Mary Shannon Johnstone is one of the first artists I learned of who was making exactly the kind of work I wanted to make. I had the wonderful opportunity to meet her, at the Living with Animals conference in the spring of last year, seven years after I first saw and was so influenced by her photography. We had a portfolio review together and I got to see her new project, Stardust and Ashes, in person and hear about how her father’s death had a role in the work. It was one of those bodies of work that is so beautiful, meaningful, and powerful that it leaves you almost speechless. The series is a perfect descendant of Shannon’s Landfill Dogs and Breeding Ignorance; using the cremains of shelter animals that were euthanized before they could find homes, she creates cyanotypes that resemble astronomical objects and celestial events.

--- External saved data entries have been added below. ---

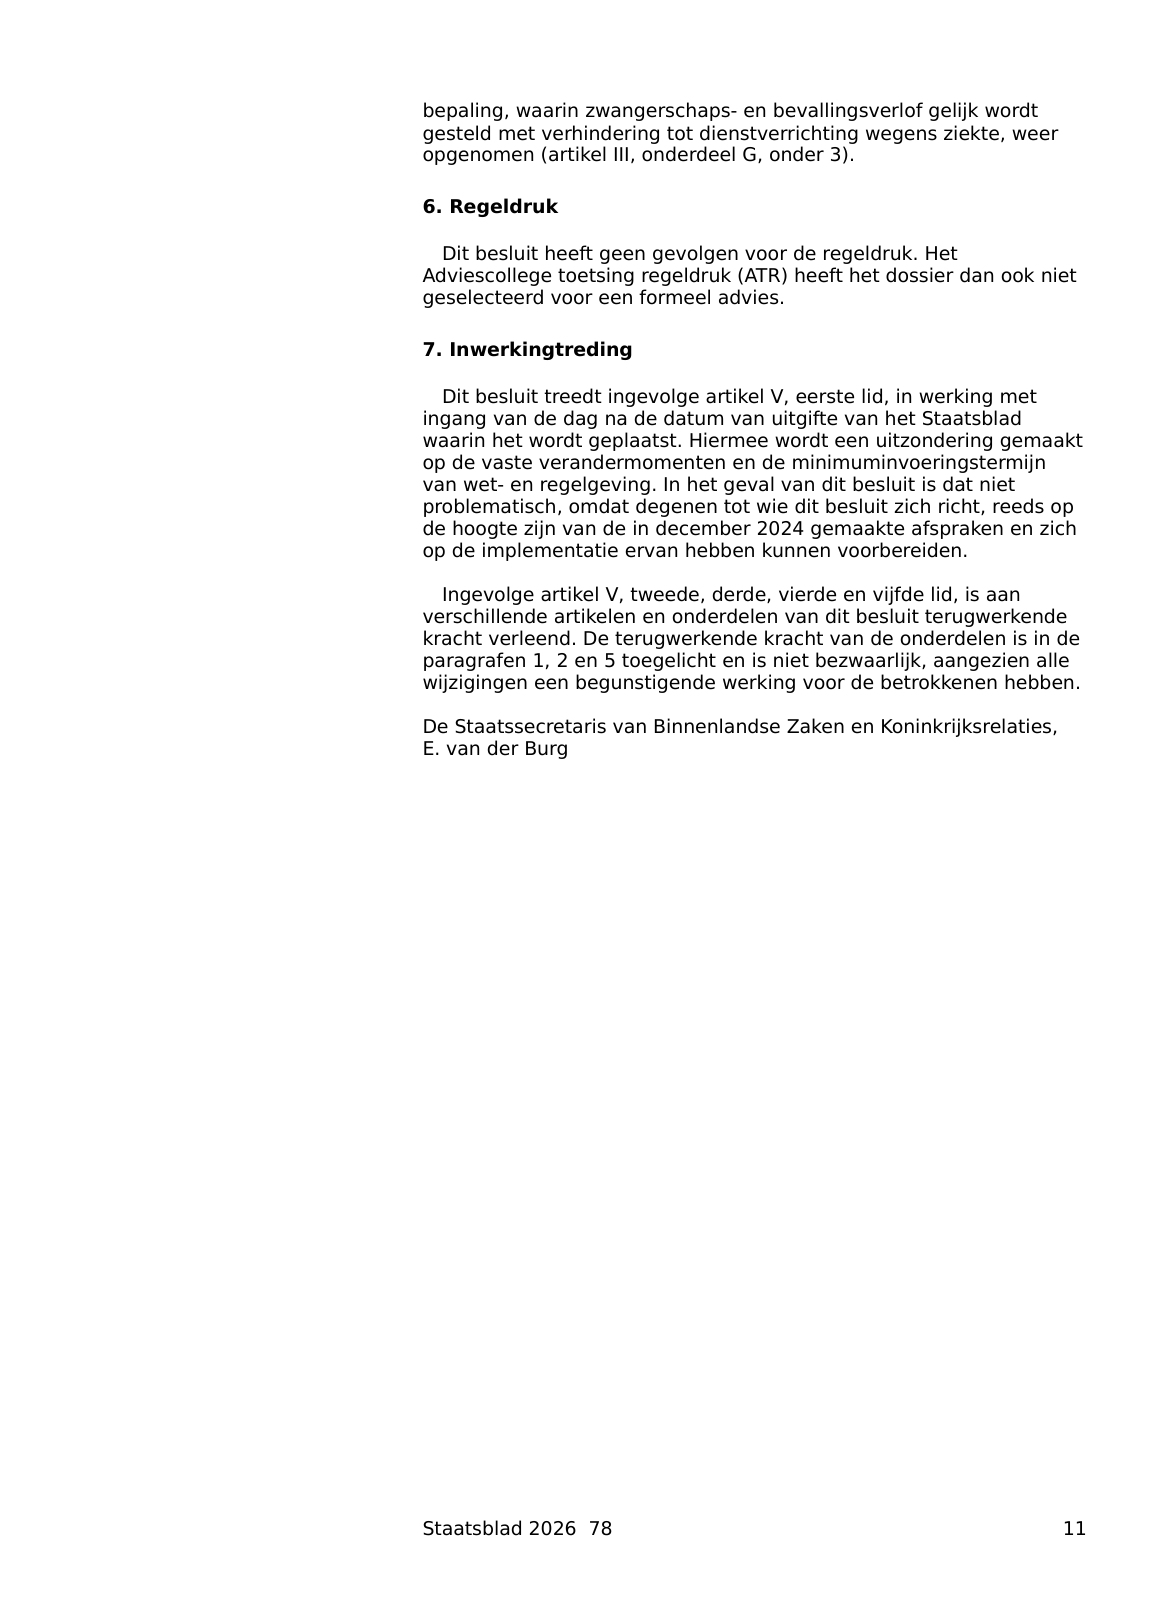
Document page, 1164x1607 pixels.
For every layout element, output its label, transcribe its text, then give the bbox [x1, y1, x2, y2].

text bepaling, waarin zwangerschaps- en bevallingsverlof gelijk wordt gesteld met verhindering tot dienstverrichting wegens ziekte, weer opgenomen (artikel III, onderdeel G, onder 3). [422, 100, 1087, 166]
subtitle 7. Inwerkingtreding [422, 339, 1087, 361]
subtitle 6. Regeldruk [422, 196, 1087, 218]
text Ingevolge artikel V, tweede, derde, vierde en vijfde lid, is aan verschillende artikelen en onderdelen van dit besluit terugwerkende kracht verleend. De terugwerkende kracht van de onderdelen is in de paragrafen 1, 2 en 5 toegelicht en is niet bezwaarlijk, aangezien alle wijzigingen een begunstigende werking voor de betrokkenen hebben. [422, 584, 1087, 694]
text Dit besluit treedt ingevolge artikel V, eerste lid, in werking met ingang van de dag na de datum van uitgifte van het Staatsblad waarin het wordt geplaatst. Hiermee wordt een uitzondering gemaakt op de vaste verandermomenten en de minimuminvoeringstermijn van wet- en regelgeving. In het geval van dit besluit is dat niet problematisch, omdat degenen tot wie dit besluit zich richt, reeds op de hoogte zijn van de in december 2024 gemaakte afspraken en zich op de implementatie ervan hebben kunnen voorbereiden. [422, 386, 1087, 562]
text De Staatssecretaris van Binnenlandse Zaken en Koninkrijksrelaties, E. van der Burg [422, 716, 1087, 760]
text Dit besluit heeft geen gevolgen voor de regeldruk. Het Adviescollege toetsing regeldruk (ATR) heeft het dossier dan ook niet geselecteerd voor een formeel advies. [422, 243, 1087, 309]

The resulting images are so poignant, a reminder of animals’ (human and non-human) tiny existence in a massive universe, and of the unique and complicated gift that is mourning a loss of life.
From the artist’s statement: “The nitrogen in our DNA, the calcium in our teeth, the iron in our blood, the carbon in our apple pies were made in the interiors of collapsing stars. We are made of starstuff.” – Carl Sagan, Cosmos
I made these cyanotypes with the ashes of euthanized homeless animals from an animal shelter’s crematorium. These animals died with nobody to mourn their passing, except maybe a few overwhelmed shelter workers.
I hope these images serve as a memorial to these animals, who were nobody and nothing. Turned to dust and returned to the cosmos, they become everyone and everything. Just as we all will someday.
For the past decade I have been working with homeless pets and exploring ways to visualize the tragedy of animal overpopulation. Up until now, I have used traditional lens-based photography. For this new work, I was inspired by artists who use simplicity, pulchritude, and heartbreak as their tools. Artists such as Chris Jordan, Michal Rovner, and Felix Gonzalez-Torres, who draw you in with beauty, but then hit you in the gut with sadness.
Using my own breath and fingers to manipulate the ashes, I work the ashes into celestial configurations while the sun exposes the cyanotype turning the negative space Prussian blue. Then I use the cyanotypes as negatives; scanning, layering, enlarging, rephotographing on a light box, and sometimes adding color. With these images I hope to mourn the passing of thousands of our forgotten companions, and remind us that we are all connected and headed for the same fate: reduced to dust and returned to the stars.